The increasing influence – and power – of algorithms, is one factor currently complicating democracy as we have known it. For the third event in our Future(s) of Power series in association with Somerset House Studios, we experimented with the method of sortition to populate and hold a Citizens Assembly on Algorithmic Power. We had two reasons for doing this.

Firstly, we wanted to highlight that representative democracy – the rigmarole of elections once every five years – isn’t the only way of doing democracy. Alternative democratic methods exist. Sortition is one such alternative method; using stratified random sampling to select citizens by lot to populate assemblies or political positions. The Sortition Foundation describes the aim of sortition as an assembly, made up of a representative random sample of people, who make decisions, in an informed, fair, and deliberative setting.

Secondly, in gathering a diverse group of people together to collectively deliberate the issue of algorithmic power, we wanted to contrast collaborative human decision making with algorithmic decision making through the citizens’ assembly itself.

  • Democracy cards
  • We chose to discuss algorithmic power, as algorithms have automated and improved much of everyday life, with the ability to handle huge datasets. But machine learning algorithms also contribute to the phenomenon of computational propaganda, where algorithms, automation and politics collide. Misinformation, botnets and fake news are used as political tools to either amplify or repress political content online. Private companies such as Cambridge Analytica are paid vast sums to help shape political campaigns. Accusations fly about Russian intervention via algorithms and botnets in both the UK’S EU Referendum and the 2016 U.S Presidential elections. Within the UK government, algorithms are already used in policy making. The government of the UAE recently launched its ambitious and somewhat utopian AI strategy to 2031. Algorithmic power is as pervasive as it is invisible.

    This wasn't Superflux's first venture into initiating a public discourse involving citizens.
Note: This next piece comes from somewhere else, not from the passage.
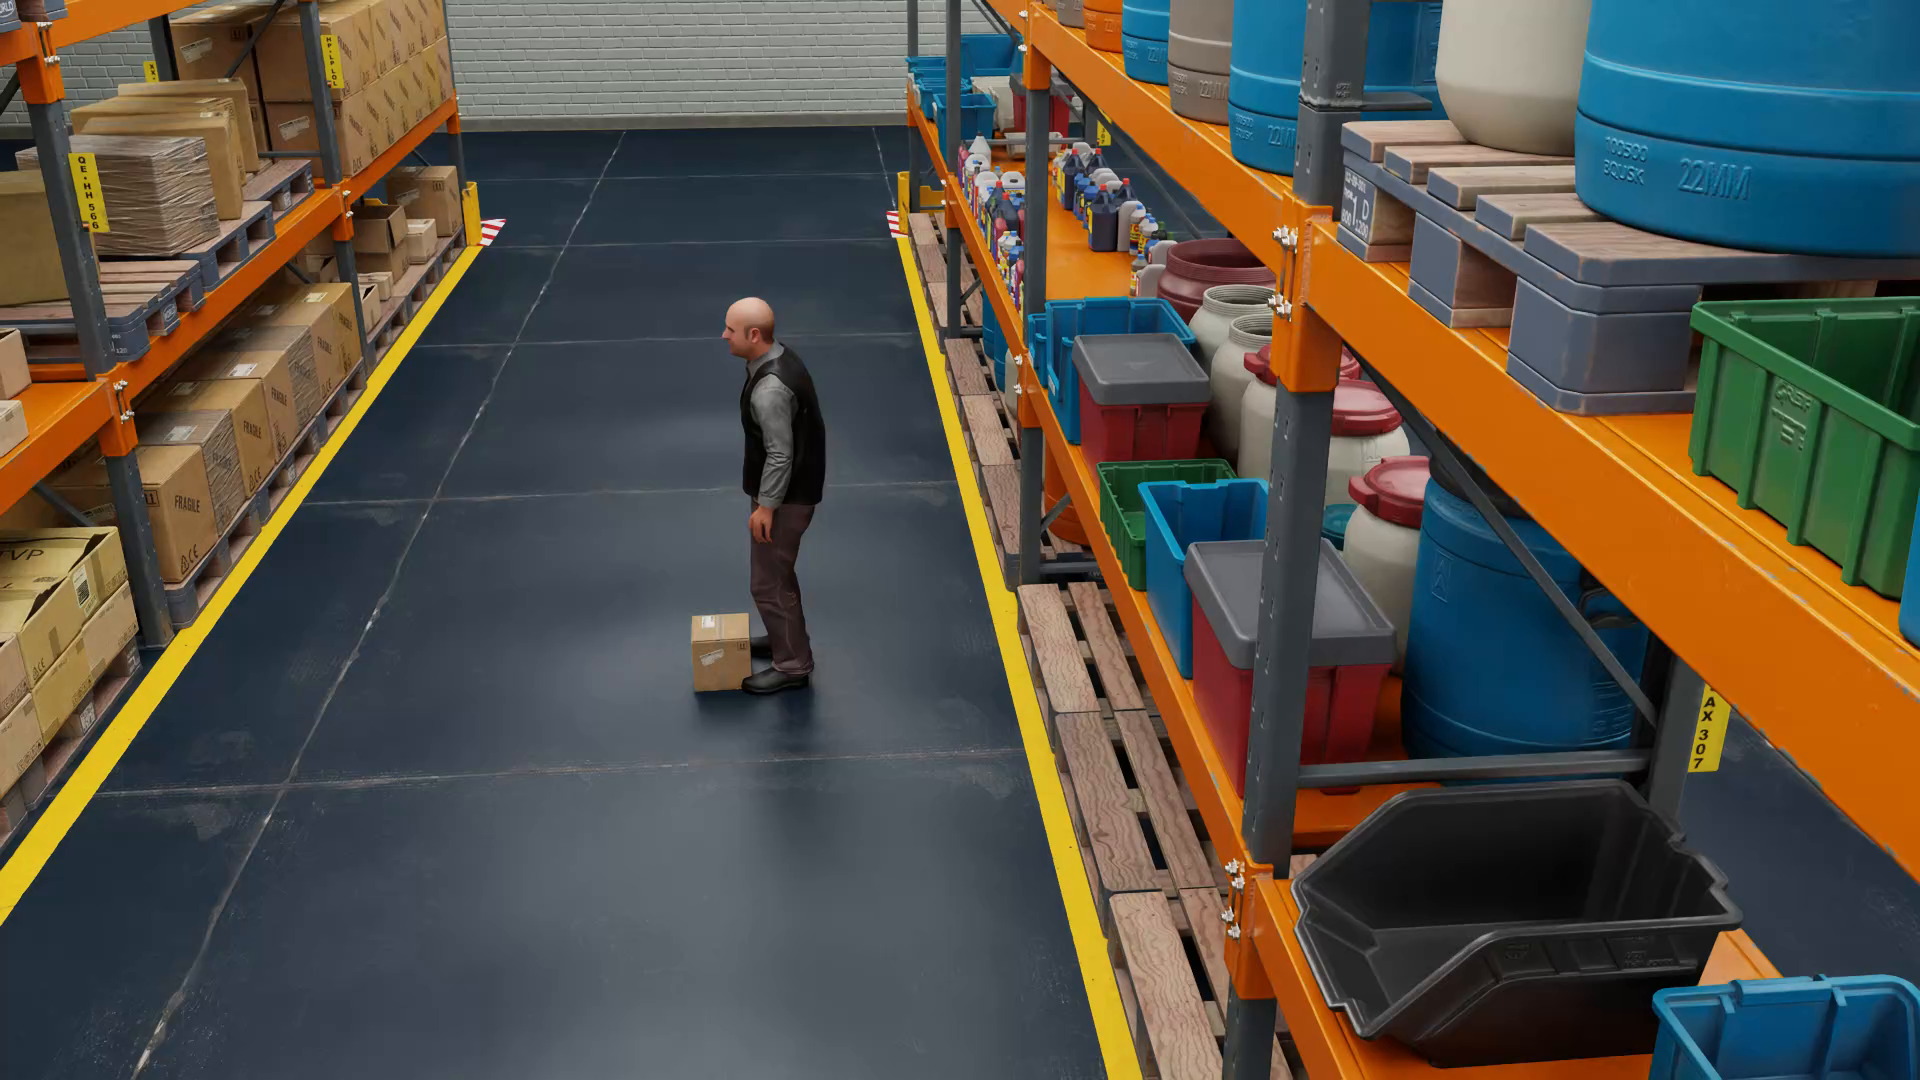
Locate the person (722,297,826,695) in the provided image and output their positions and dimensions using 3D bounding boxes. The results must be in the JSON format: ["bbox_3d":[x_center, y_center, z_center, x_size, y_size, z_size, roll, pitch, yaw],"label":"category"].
[{"bbox_3d":[-0.773,-0.197,7.080,0.419,1.721,0.581,-2,24,-5],"label":"person"}]

Back in 2008 we held an open call to recruit eight people with diverse perspectives for our 'Power of 8' project. The selected eight were immersed in an in depth, collective exploration of an alternate future ecosystem, while we looked out for points of conflict and consensus amongst their varied worldviews and perspectives.

    Recent citizens' assemblies around the world have reached beyond simple decision making on a particular issue, to also focus on engaging, informing, and including the public on issues rather than simply 'decision-making'. For example, the BurgerForum of 400 people in Germany in 2011 was as much about encouraging participating citizens to identify problems as it is responding to challenges. Another aim of the BurgerForum, was for citizens’ voices to be heard concerning political issues. Finally, including citizens in assemblies like these directly introduces those citizens to a different way of doing democracy.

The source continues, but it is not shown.